Política
Jornalismo desejoso: entre o fato e o afeto

Em tempos de polarização, redes sociais aceleradas e bolhas digitais, um conceito ganha novo fôlego nas discussões sobre comunicação: o chamado jornalismo desejoso.
Embora pouco mencionado nos debates contemporâneos, o termo se refere a uma prática jornalística que ultrapassa a simples exposição dos fatos.
Nesse modelo, a notícia é conduzida por uma intencionalidade emocional ou ideológica — expressando, ainda que sutilmente, os anseios do jornalista, do veículo ou até mesmo do público que consome a informação.
Diferente do jornalismo opinativo, que se posiciona de forma clara e assumida, o jornalismo desejoso opera de forma mais velada. Ele torce por um desfecho, molda a narrativa para sugerir um caminho, e por vezes antecipa realidades ainda não concretizadas.
Expressões como “Fulano desponta como favorito”, “Cenário aponta para virada” ou “O clima é de vitória” vão além da análise: revelam desejos editoriais mascarados de constatações.
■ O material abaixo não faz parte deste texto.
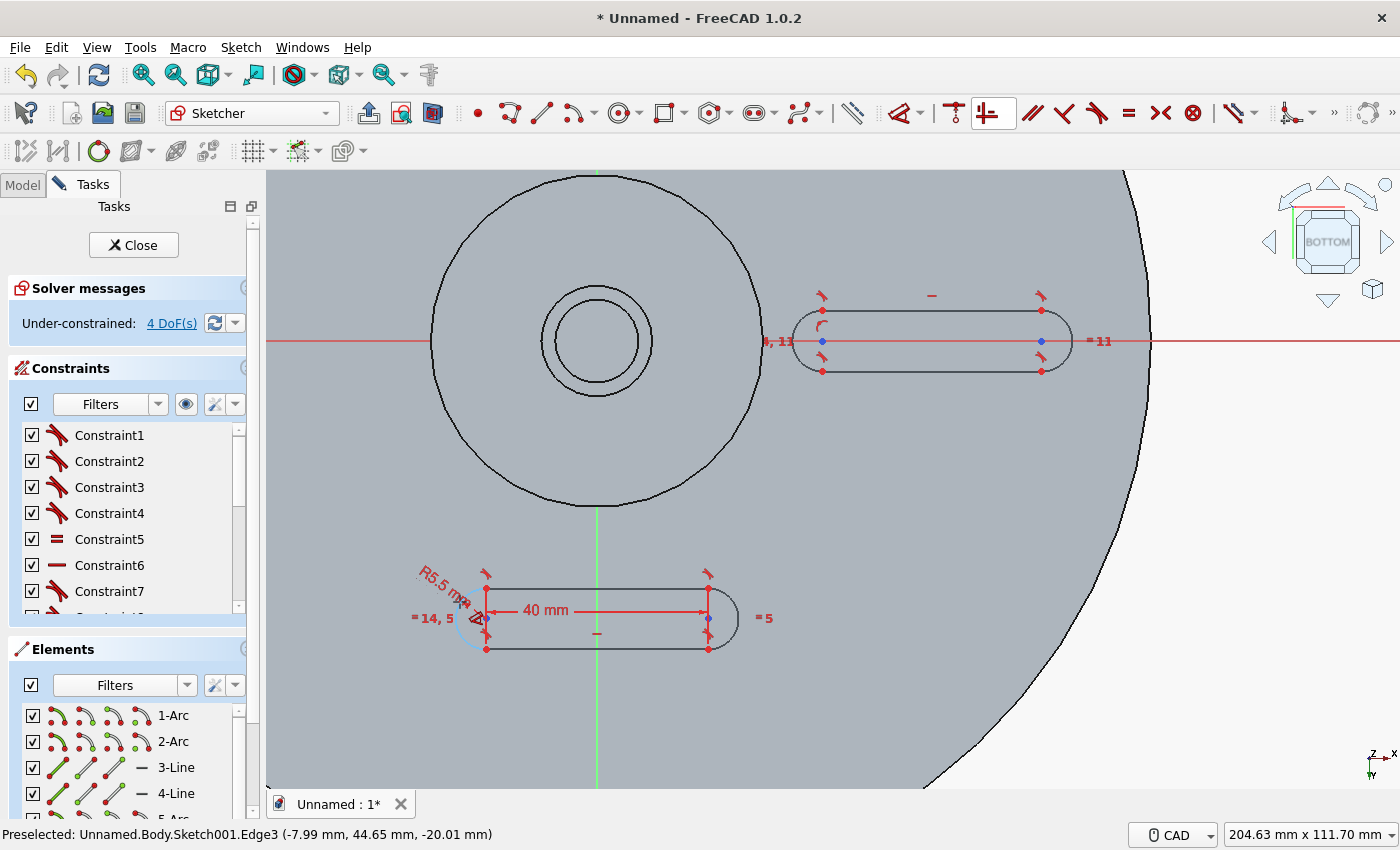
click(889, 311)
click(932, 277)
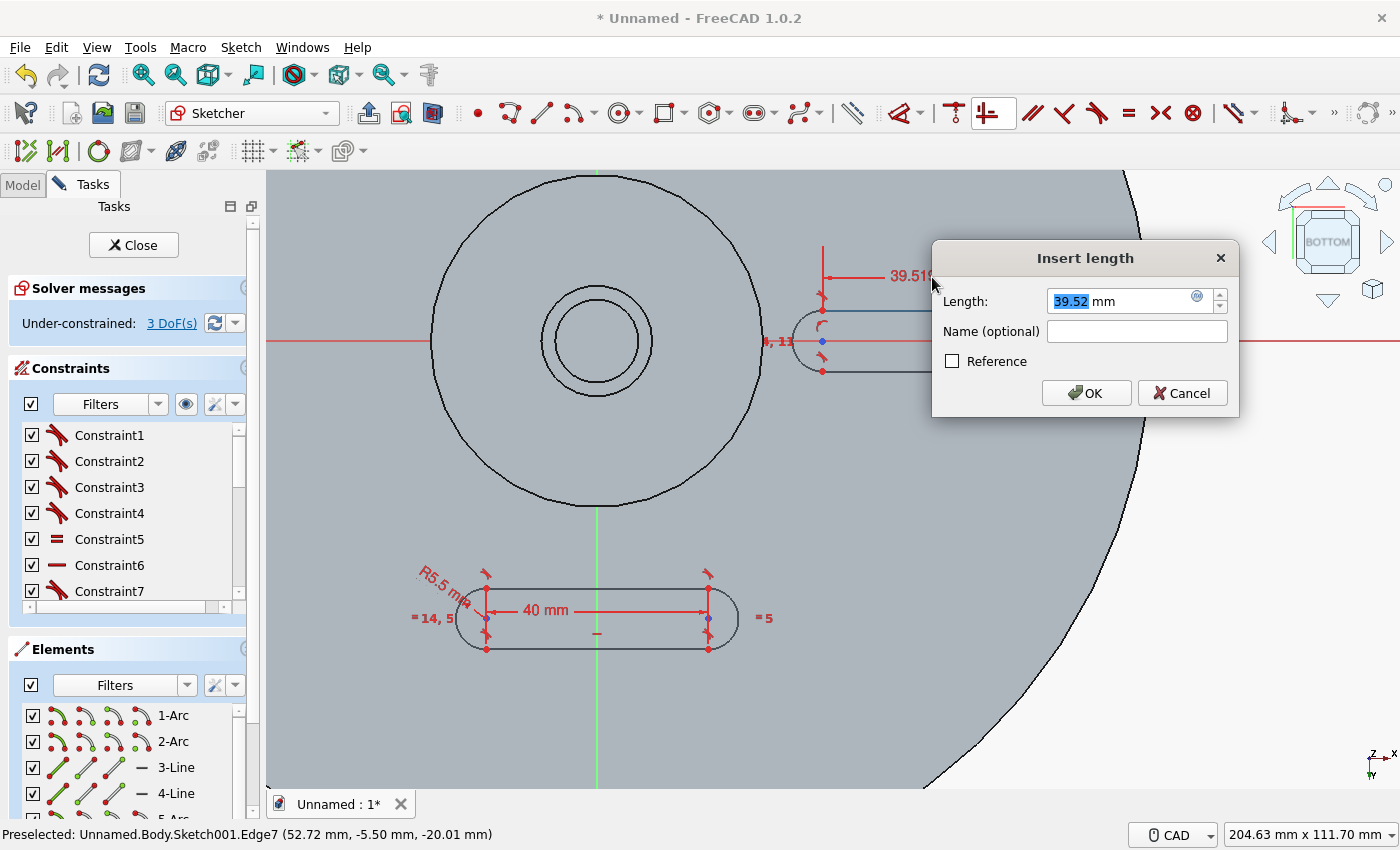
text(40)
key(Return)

Para estudiosos como Eugênio Bucci, essa prática representa uma ameaça à imparcialidade e à credibilidade da imprensa. “O jornalista deve estar atento aos fatos, não aos seus afetos”, alerta.
Em contrapartida, há quem defenda uma comunicação mais engajada, capaz de expressar esperança, indignação e até sonho — desde que deixe claro ao leitor quando está narrando o que é e quando está projetando o que gostaria que fosse.
Com a proximidade das eleições estaduais e federais, marcadas por disputas acirradas, o jornalismo desejoso ressurge de forma ainda mais evidente nos noticiários e portais de opinião.
No fim das contas, a responsabilidade é compartilhada: cabe a quem escreve manter o compromisso com a ética jornalística, mas também ao leitor desenvolver um olhar crítico para reconhecer quando a notícia informa — e quando ela apenas deseja.